Key Elements of Successful B2C Subscription Models: Netflix


Founded in 1997, Netflix turned the previously incident-driven movie-rental industry upside down with a subscription model that let customers keep DVDs as long as they wanted, without paying late fees. The company’s use of centralized distribution centers cost less to use than retail storefronts and also provided Netflix with the space to build an enormous catalog of over 100,000 movies and shows.

Since 1999, the company has grown its customer base at a 61% CAGR to over 12 million subscribers in 2009. Additionally, over the same period of time, Netflix has been able to reduce its subscriber acquisition costs from over $110 down to $25, all the while keeping fixed costs low.

Lower cost marketing channels:
One of the keys to Netflix’s success has been its use of multiple marketing strategies to attract subscribers to its service. In particular, the company’s affiliate program has been especially effective while also being a low cost channel. The affiliate program makes available web-based banner ads and other advertisements that third parties may retrieve on a self-assisted basis from Netflix’s website and place on their own websites.

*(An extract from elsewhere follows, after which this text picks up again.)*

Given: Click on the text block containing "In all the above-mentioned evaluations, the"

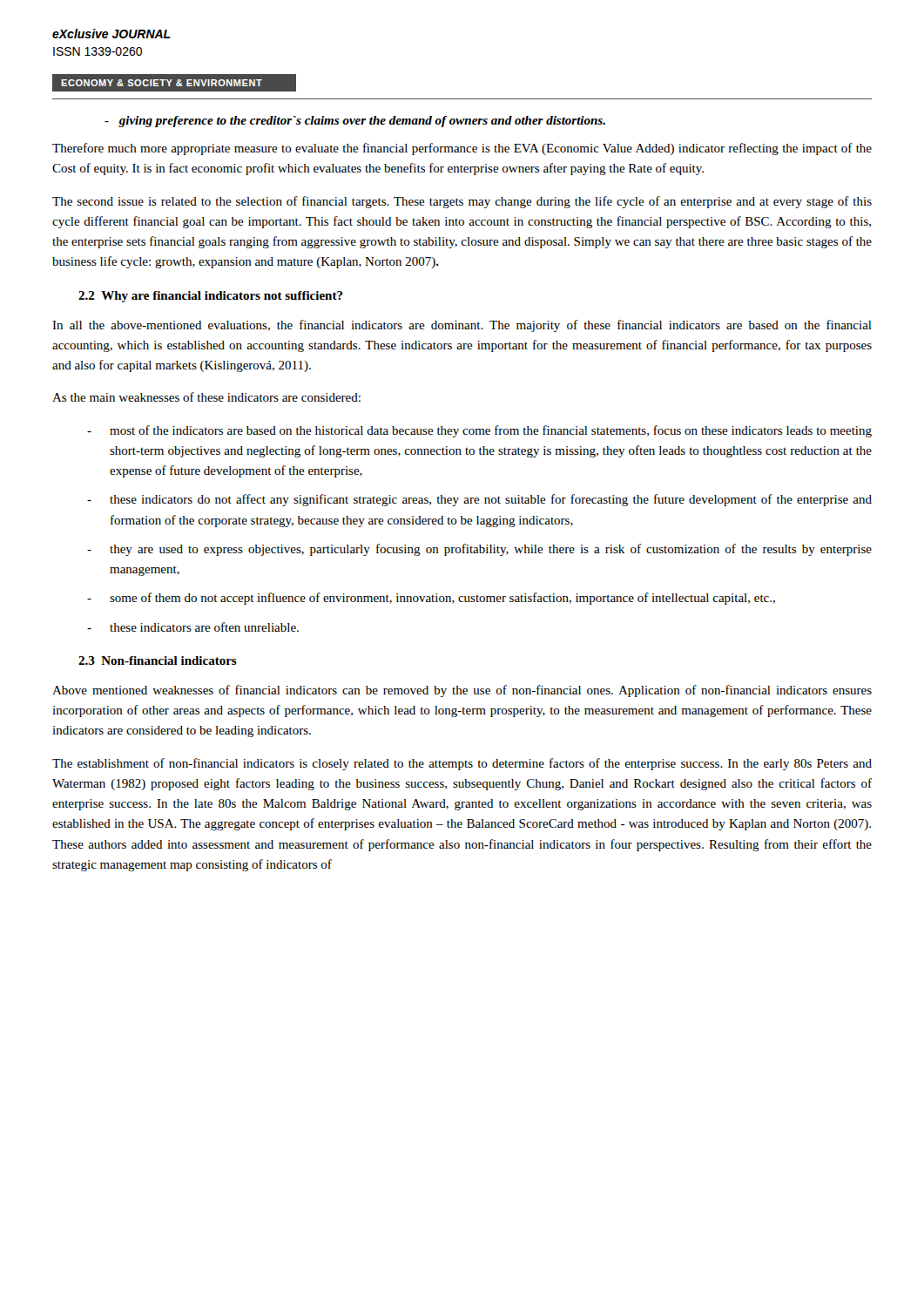Looking at the screenshot, I should point(462,345).

More recently, Netflix has launched partnerships with customer electronics partners such as Apple as well as video game console manufacturers to cost-effectively acquire customers.

Innovation:
While Netflix has benefited from certain trends since its founding, including the proliferation of cheap DVD players, it has also proactively out-innovated many of its competitors, leaving brick-and-mortal retailers such as Blockbuster and Hollywood Video in the dust. It took Blockbuster until 2004 to roll out its own DVDs-by-mail business.

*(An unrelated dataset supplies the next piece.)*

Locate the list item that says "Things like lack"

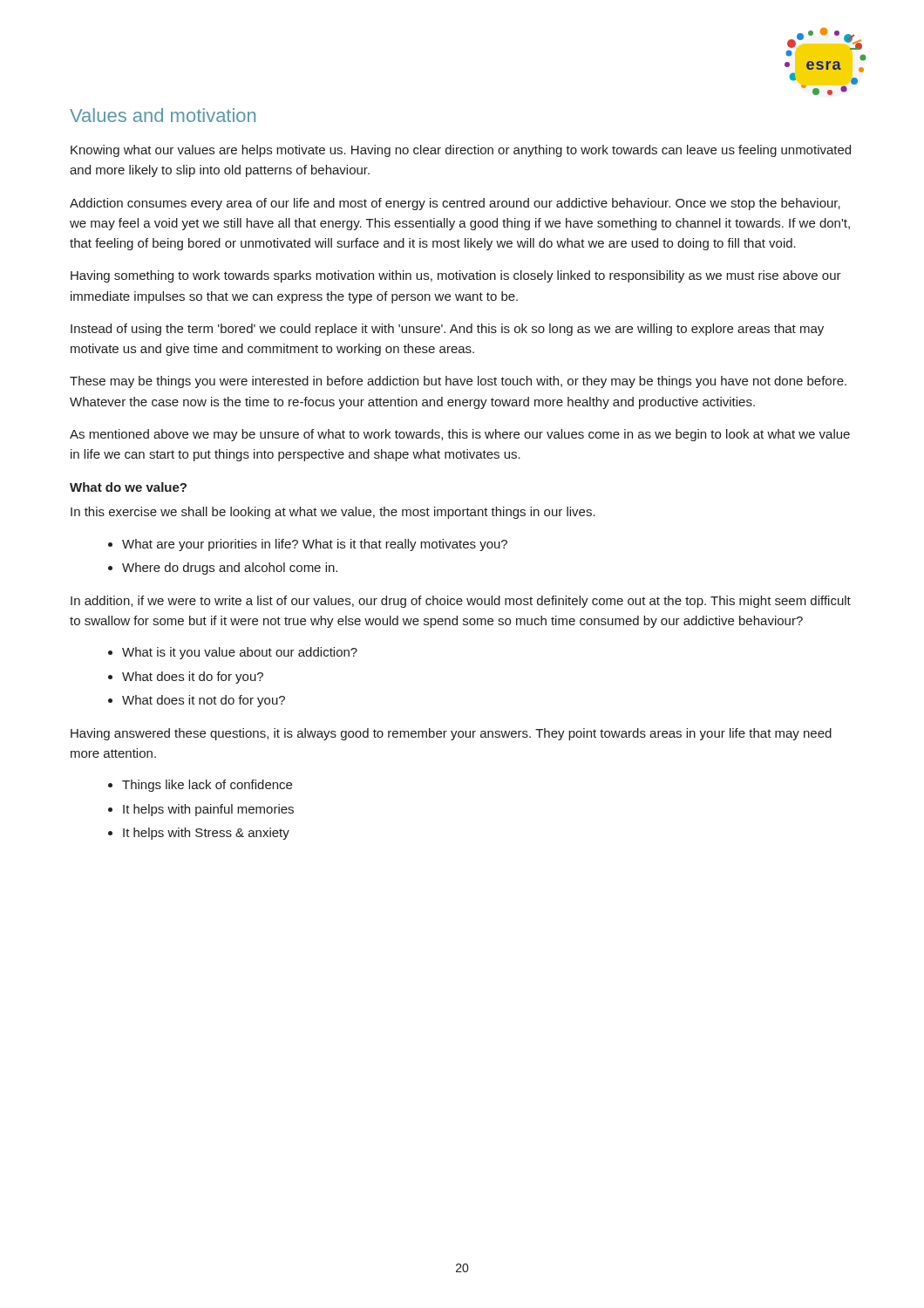pyautogui.click(x=207, y=786)

Netflix’s intuitive, well-organized website which lets customers build queues of titles they want as well as an intelligent recommendations engine have enhanced customer experience and allowed the company to thrive as a business.

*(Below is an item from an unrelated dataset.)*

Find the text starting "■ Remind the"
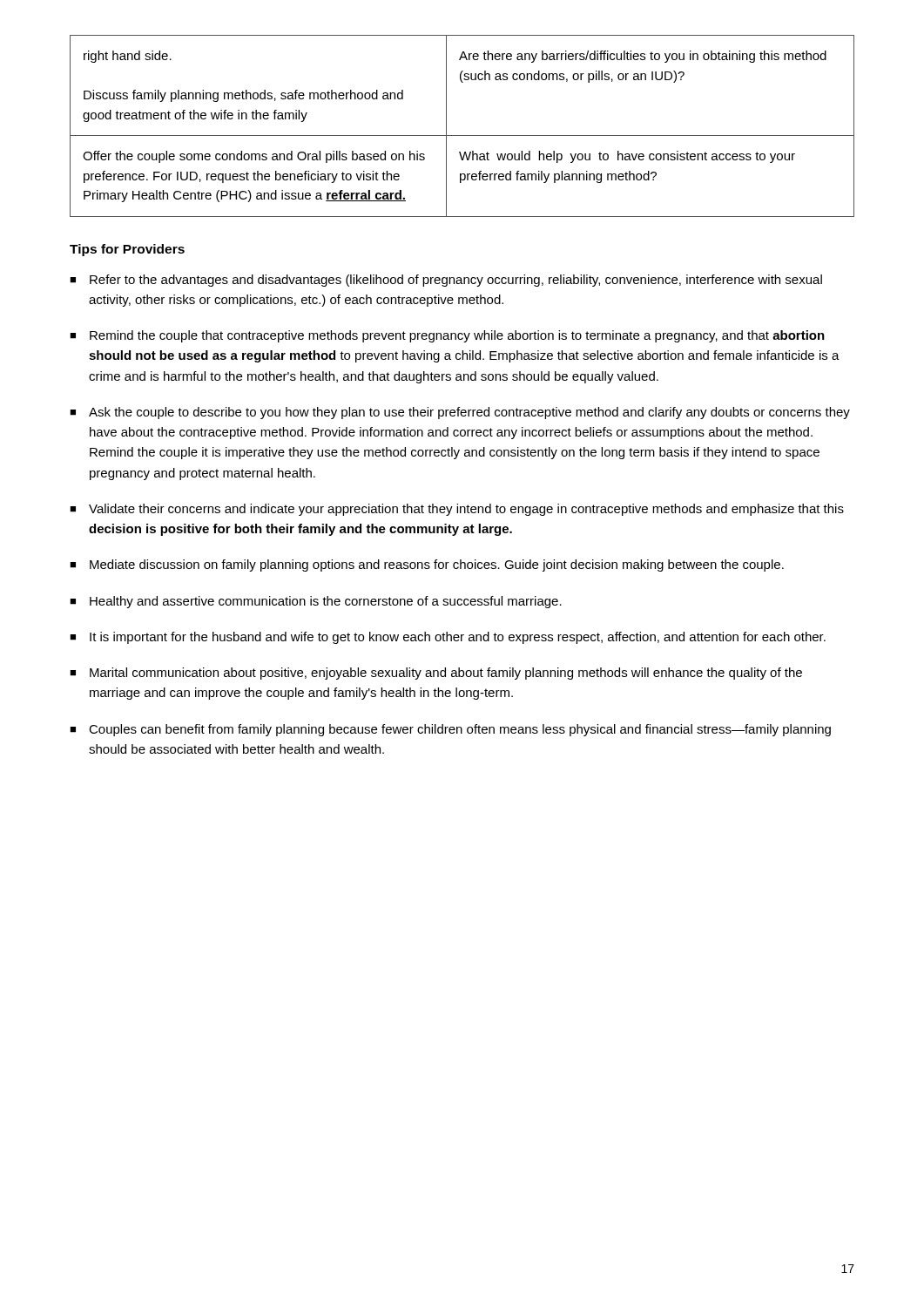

In recent years, the company has devoted substantial resources toward building out its streaming content library which has helped to drive new subscriber additions. Along these lines, Netflix introduced a cheaper $8.99/month plan which many new subscribers have been purchasing primarily for access to streaming content. While these subscriber additions have caused Netflix’s ARPU (Average Revenue Per User) to decline, the company’s profitability has actually increased due to lower postage and other costs associated with the $8.99/month plan users.

Netflix has also continued to innovate through the launch of a Netflix iPhone app and by expanding to new device platforms, improving the value proposition for Netflix subscribers and reducing customer churn.